_Work instruction_
What you return must be exactly the lines from the beginning of the material through the line containing "text Ondersteuning tijdens", both included, and no pictures.

_Input data_
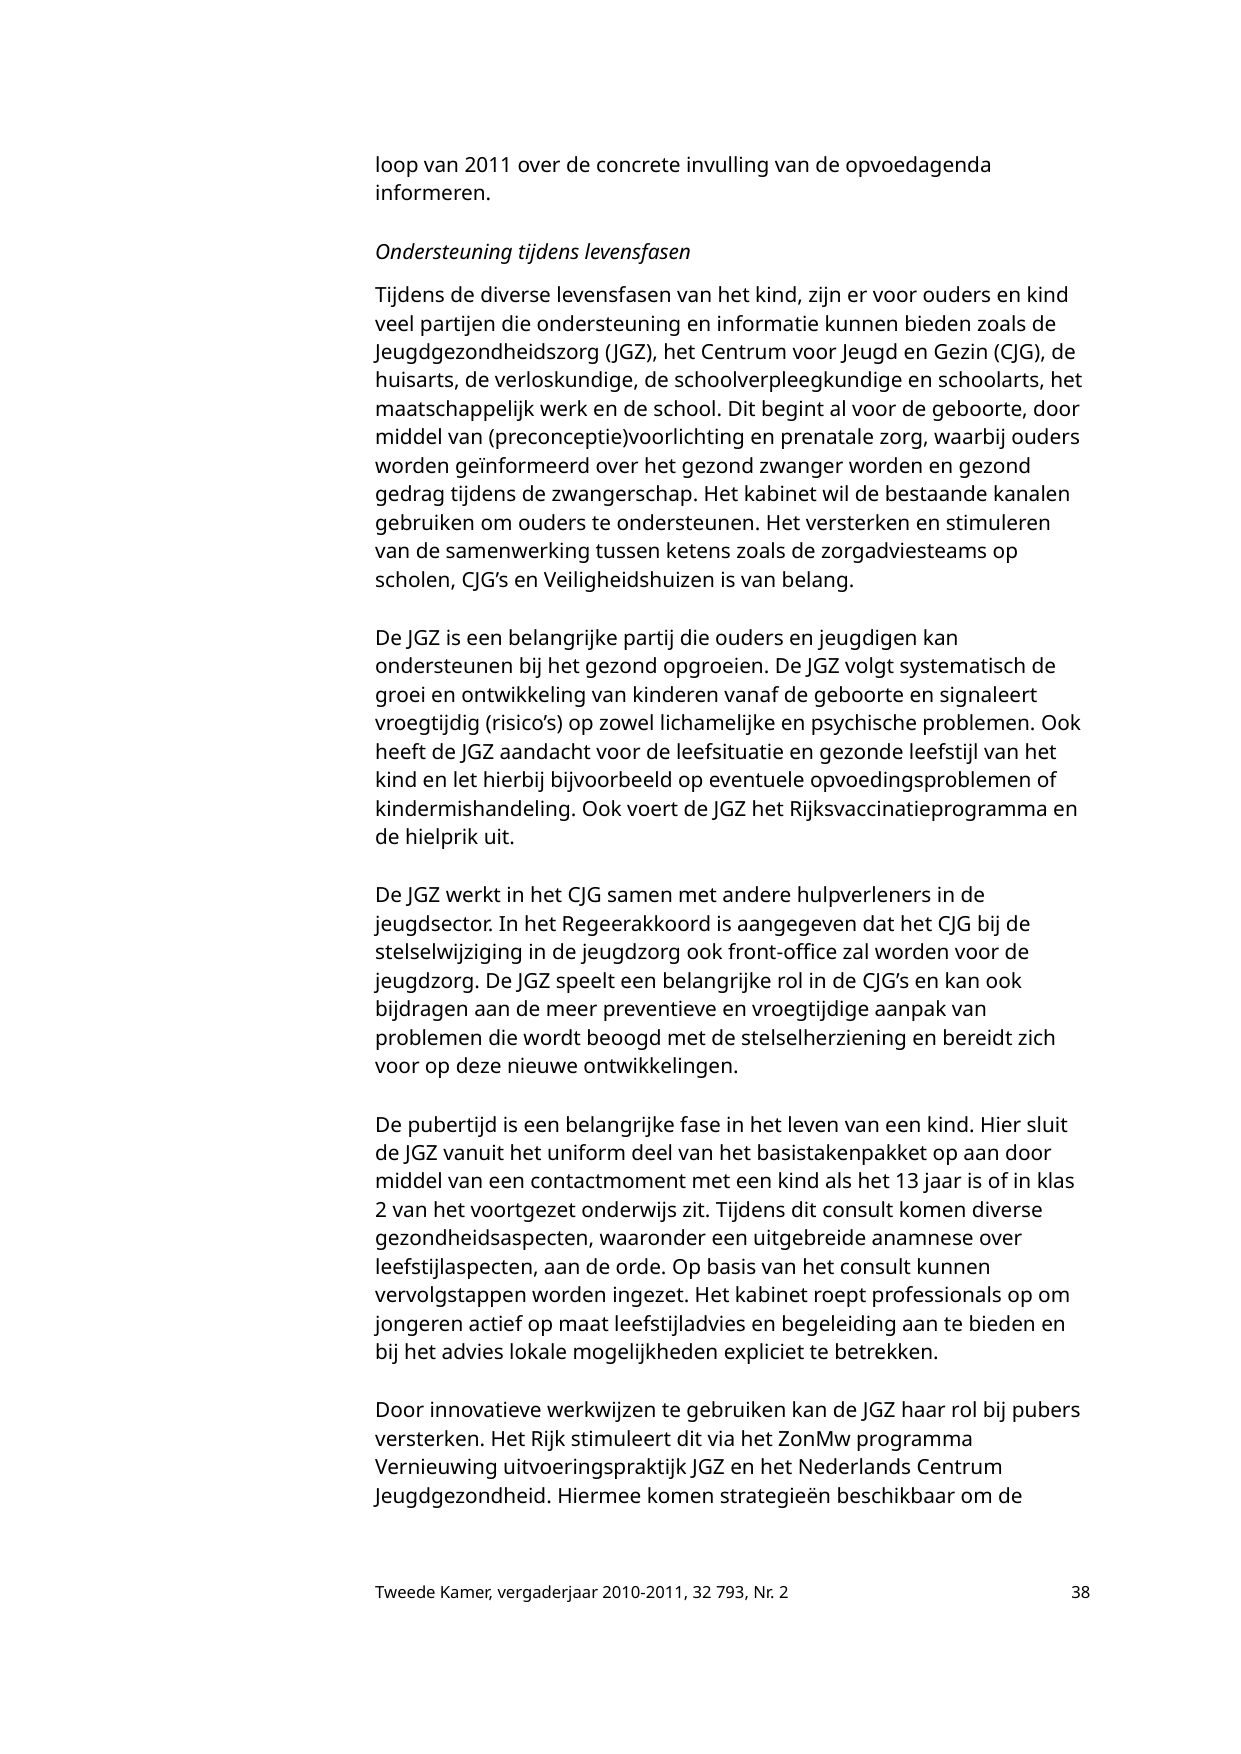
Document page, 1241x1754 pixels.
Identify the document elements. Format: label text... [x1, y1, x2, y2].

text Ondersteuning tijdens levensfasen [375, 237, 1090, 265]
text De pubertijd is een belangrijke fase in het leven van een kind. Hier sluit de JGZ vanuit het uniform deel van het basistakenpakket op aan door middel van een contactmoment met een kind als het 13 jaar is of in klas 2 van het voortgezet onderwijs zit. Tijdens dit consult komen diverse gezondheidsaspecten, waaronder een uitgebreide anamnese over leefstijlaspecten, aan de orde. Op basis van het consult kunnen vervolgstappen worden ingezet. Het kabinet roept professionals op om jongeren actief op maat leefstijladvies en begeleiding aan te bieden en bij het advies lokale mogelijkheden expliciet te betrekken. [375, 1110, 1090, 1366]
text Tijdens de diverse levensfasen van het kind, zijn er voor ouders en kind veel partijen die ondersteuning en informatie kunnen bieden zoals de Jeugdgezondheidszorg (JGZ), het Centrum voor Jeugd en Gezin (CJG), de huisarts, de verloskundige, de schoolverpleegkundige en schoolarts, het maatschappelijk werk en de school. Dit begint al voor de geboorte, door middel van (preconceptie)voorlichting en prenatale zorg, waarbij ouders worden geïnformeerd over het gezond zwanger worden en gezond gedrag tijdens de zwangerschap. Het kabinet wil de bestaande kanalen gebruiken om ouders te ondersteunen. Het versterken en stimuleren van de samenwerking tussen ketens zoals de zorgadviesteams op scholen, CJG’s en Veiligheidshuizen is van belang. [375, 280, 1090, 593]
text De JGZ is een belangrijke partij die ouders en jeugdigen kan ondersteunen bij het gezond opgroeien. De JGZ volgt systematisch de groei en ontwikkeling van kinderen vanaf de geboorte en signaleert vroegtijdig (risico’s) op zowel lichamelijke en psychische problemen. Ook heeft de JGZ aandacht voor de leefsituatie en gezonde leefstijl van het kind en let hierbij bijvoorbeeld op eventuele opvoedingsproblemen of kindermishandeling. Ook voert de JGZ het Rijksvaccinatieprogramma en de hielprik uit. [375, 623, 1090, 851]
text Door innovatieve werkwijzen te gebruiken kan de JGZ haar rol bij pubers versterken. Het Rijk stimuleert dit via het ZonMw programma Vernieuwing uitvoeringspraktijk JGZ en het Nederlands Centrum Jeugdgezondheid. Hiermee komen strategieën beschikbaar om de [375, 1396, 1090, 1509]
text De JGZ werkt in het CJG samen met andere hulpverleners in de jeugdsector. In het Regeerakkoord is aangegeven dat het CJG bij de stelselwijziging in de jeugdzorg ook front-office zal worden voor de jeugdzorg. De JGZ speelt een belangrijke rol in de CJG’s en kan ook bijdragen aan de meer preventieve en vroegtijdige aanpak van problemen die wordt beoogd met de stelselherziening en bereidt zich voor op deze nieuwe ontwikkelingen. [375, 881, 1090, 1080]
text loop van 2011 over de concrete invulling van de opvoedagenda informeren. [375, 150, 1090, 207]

_Task solution_
Document page, 1241x1754 pixels.
Identify the document elements. Format: label text... [x1, y1, x2, y2].

text Ondersteuning tijdens levensfasen [375, 237, 1090, 265]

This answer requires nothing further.